▶ Your goal
For the word "static", report how many lines of the records below contain it, and nothing more.

[Records from a dataset]
────────────────────────────────────────
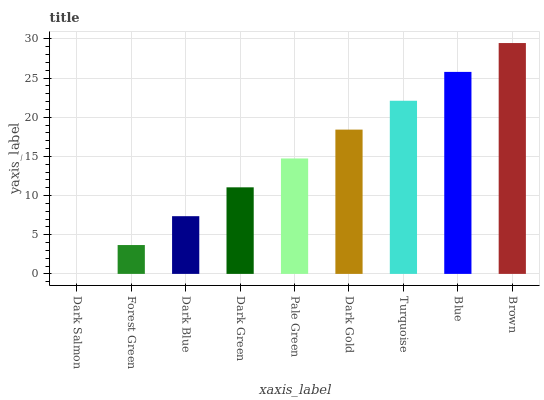Is Forest Green the minimum?
Answer yes or no. No. Is Forest Green the maximum?
Answer yes or no. No. Is Forest Green greater than Dark Salmon?
Answer yes or no. Yes. Is Dark Salmon less than Forest Green?
Answer yes or no. Yes. Is Dark Salmon greater than Forest Green?
Answer yes or no. No. Is Forest Green less than Dark Salmon?
Answer yes or no. No. Is Pale Green the high median?
Answer yes or no. Yes. Is Pale Green the low median?
Answer yes or no. Yes. Is Dark Gold the high median?
Answer yes or no. No. Is Forest Green the low median?
Answer yes or no. No. 
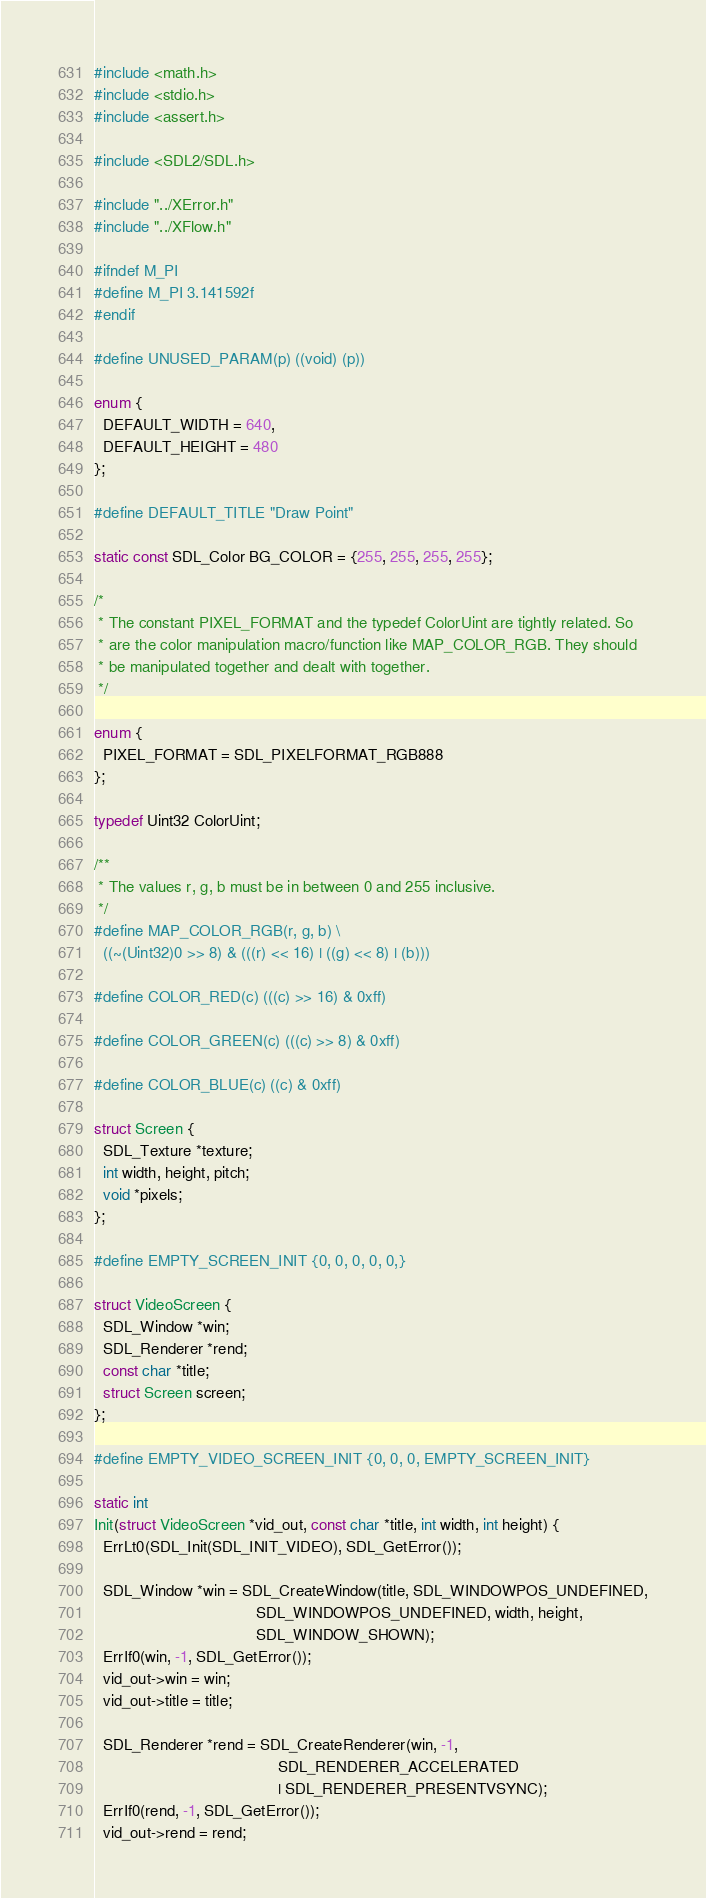<code> <loc_0><loc_0><loc_500><loc_500><_C_>#include <math.h>
#include <stdio.h>
#include <assert.h>

#include <SDL2/SDL.h>

#include "../XError.h"
#include "../XFlow.h"

#ifndef M_PI
#define M_PI 3.141592f
#endif

#define UNUSED_PARAM(p) ((void) (p))

enum {
  DEFAULT_WIDTH = 640,
  DEFAULT_HEIGHT = 480
};

#define DEFAULT_TITLE "Draw Point"

static const SDL_Color BG_COLOR = {255, 255, 255, 255};

/*
 * The constant PIXEL_FORMAT and the typedef ColorUint are tightly related. So
 * are the color manipulation macro/function like MAP_COLOR_RGB. They should
 * be manipulated together and dealt with together.
 */

enum {
  PIXEL_FORMAT = SDL_PIXELFORMAT_RGB888
};

typedef Uint32 ColorUint;

/**
 * The values r, g, b must be in between 0 and 255 inclusive.
 */
#define MAP_COLOR_RGB(r, g, b) \
  ((~(Uint32)0 >> 8) & (((r) << 16) | ((g) << 8) | (b)))

#define COLOR_RED(c) (((c) >> 16) & 0xff)

#define COLOR_GREEN(c) (((c) >> 8) & 0xff)

#define COLOR_BLUE(c) ((c) & 0xff)

struct Screen {
  SDL_Texture *texture;
  int width, height, pitch;
  void *pixels;
};

#define EMPTY_SCREEN_INIT {0, 0, 0, 0, 0,}

struct VideoScreen {
  SDL_Window *win;
  SDL_Renderer *rend;
  const char *title;
  struct Screen screen;
};

#define EMPTY_VIDEO_SCREEN_INIT {0, 0, 0, EMPTY_SCREEN_INIT}

static int
Init(struct VideoScreen *vid_out, const char *title, int width, int height) {
  ErrLt0(SDL_Init(SDL_INIT_VIDEO), SDL_GetError());

  SDL_Window *win = SDL_CreateWindow(title, SDL_WINDOWPOS_UNDEFINED,
                                     SDL_WINDOWPOS_UNDEFINED, width, height,
                                     SDL_WINDOW_SHOWN);
  ErrIf0(win, -1, SDL_GetError());
  vid_out->win = win;
  vid_out->title = title;

  SDL_Renderer *rend = SDL_CreateRenderer(win, -1,
                                          SDL_RENDERER_ACCELERATED
                                          | SDL_RENDERER_PRESENTVSYNC);
  ErrIf0(rend, -1, SDL_GetError());
  vid_out->rend = rend;
</code> 
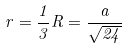Convert formula to latex. <formula><loc_0><loc_0><loc_500><loc_500>r = \frac { 1 } { 3 } R = \frac { a } { \sqrt { 2 4 } }</formula> 
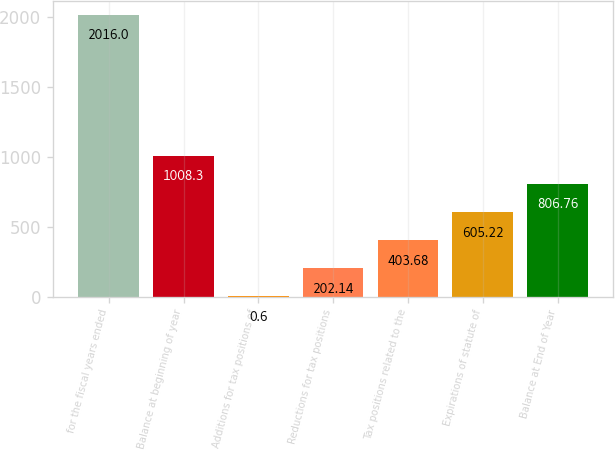Convert chart. <chart><loc_0><loc_0><loc_500><loc_500><bar_chart><fcel>for the fiscal years ended<fcel>Balance at beginning of year<fcel>Additions for tax positions of<fcel>Reductions for tax positions<fcel>Tax positions related to the<fcel>Expirations of statute of<fcel>Balance at End of Year<nl><fcel>2016<fcel>1008.3<fcel>0.6<fcel>202.14<fcel>403.68<fcel>605.22<fcel>806.76<nl></chart> 
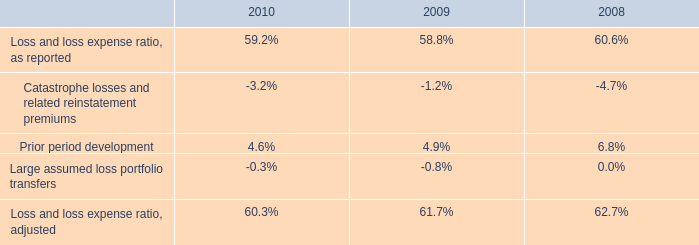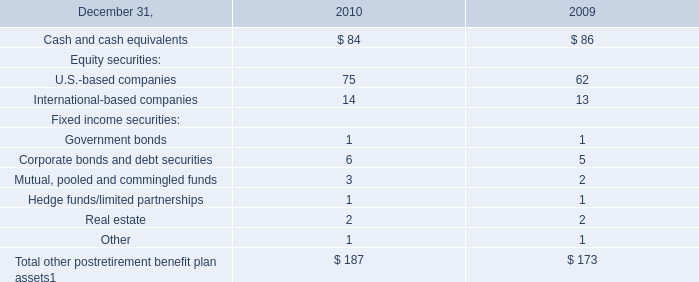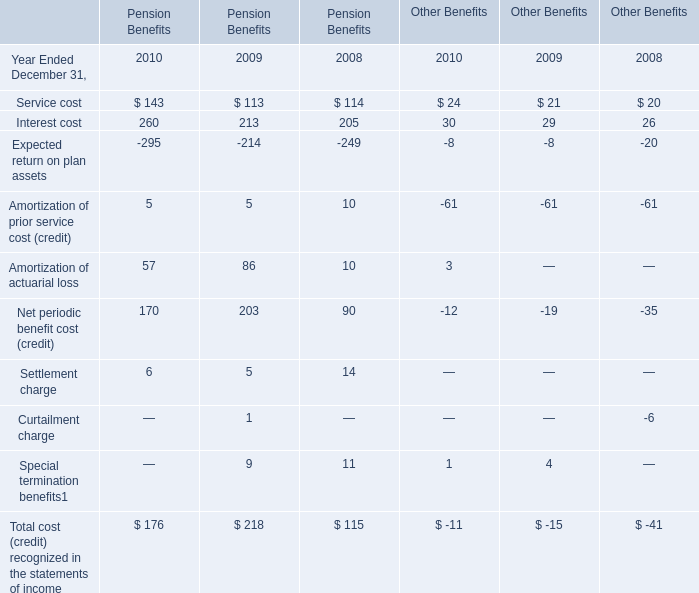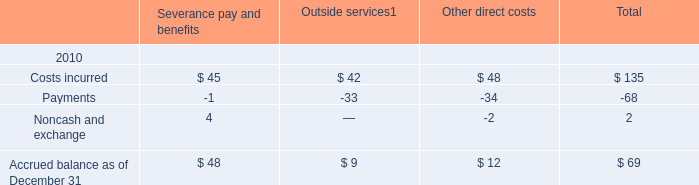What's the growth rate of Interest cost for Pension Benefits in 2010? 
Computations: ((260 - 213) / 213)
Answer: 0.22066.
────────────────────────────────────────
▶ Answer to the exercise
2